### Assignment:
Nothing but the lines from the one containing "Give a very brief answer. 1. How many skateboards" through the one containing "Give a very brief answer. 0.", both included, should be given again, each exactly as written below.

### Data provided:
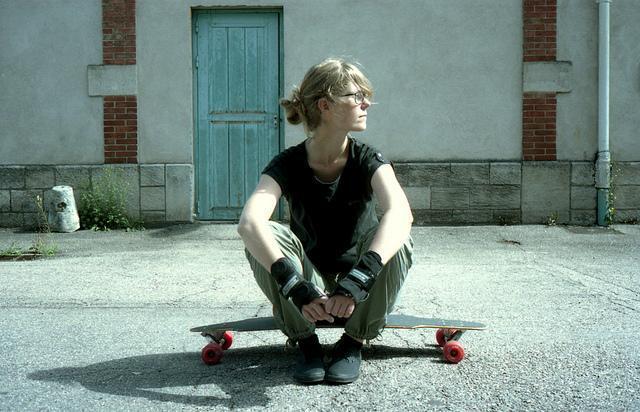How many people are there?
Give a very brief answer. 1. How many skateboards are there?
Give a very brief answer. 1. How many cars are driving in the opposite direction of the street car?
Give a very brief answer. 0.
---
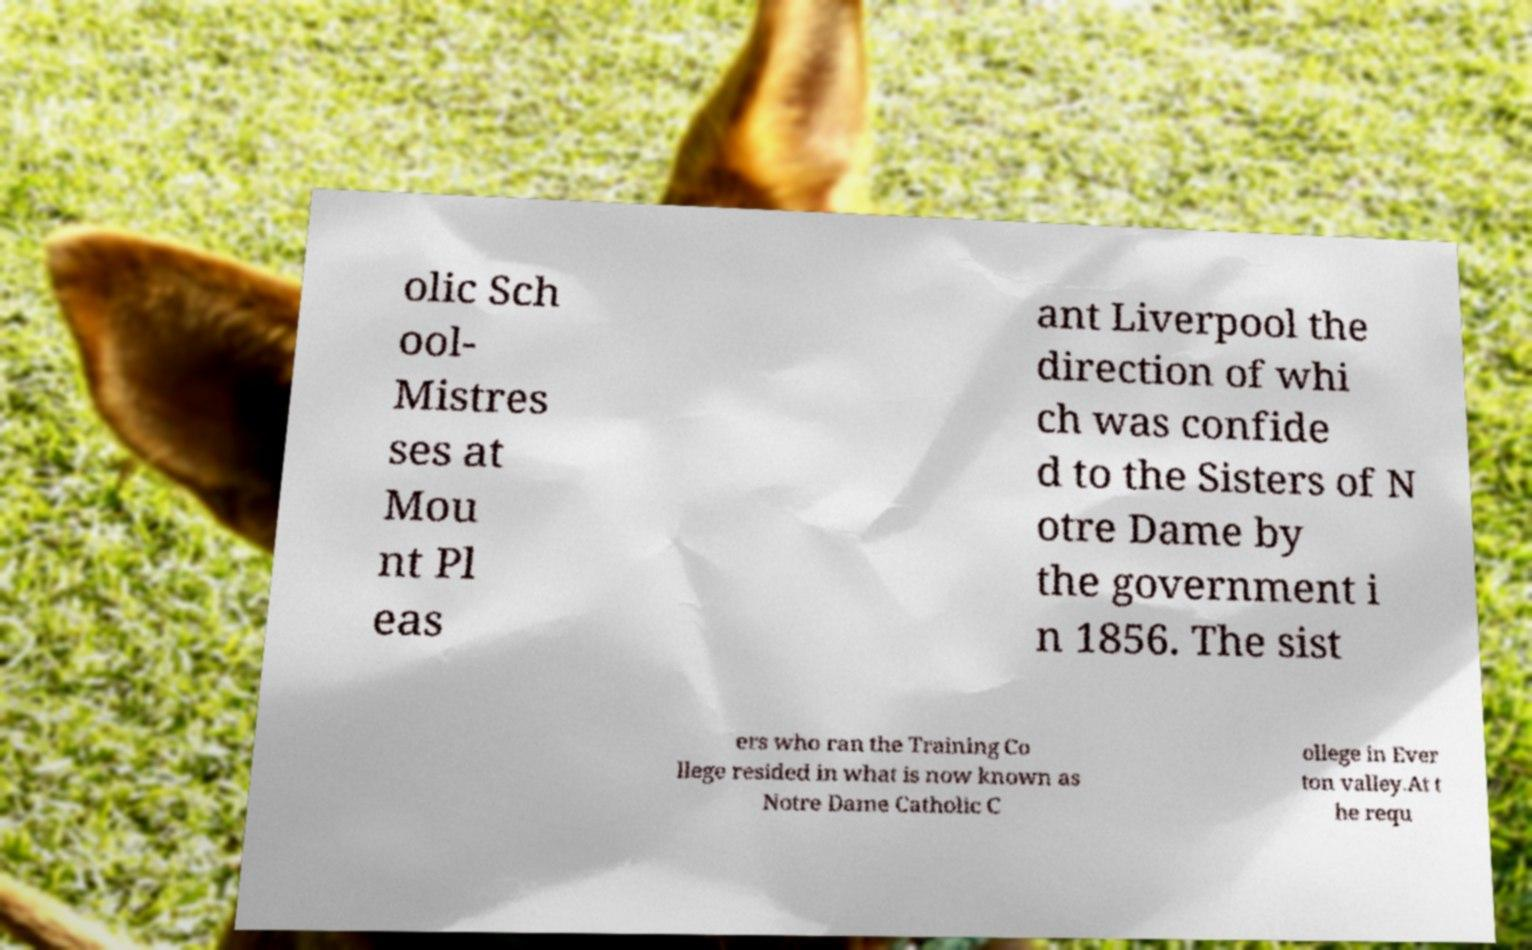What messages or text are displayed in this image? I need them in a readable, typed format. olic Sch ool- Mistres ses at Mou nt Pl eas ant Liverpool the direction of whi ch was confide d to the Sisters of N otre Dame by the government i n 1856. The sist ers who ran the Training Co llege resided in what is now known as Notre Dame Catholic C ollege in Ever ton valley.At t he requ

### Answer:
Give a very brief answer. 1. How many skateboards are there?
Give a very brief answer. 1. How many cars are driving in the opposite direction of the street car?
Give a very brief answer. 0.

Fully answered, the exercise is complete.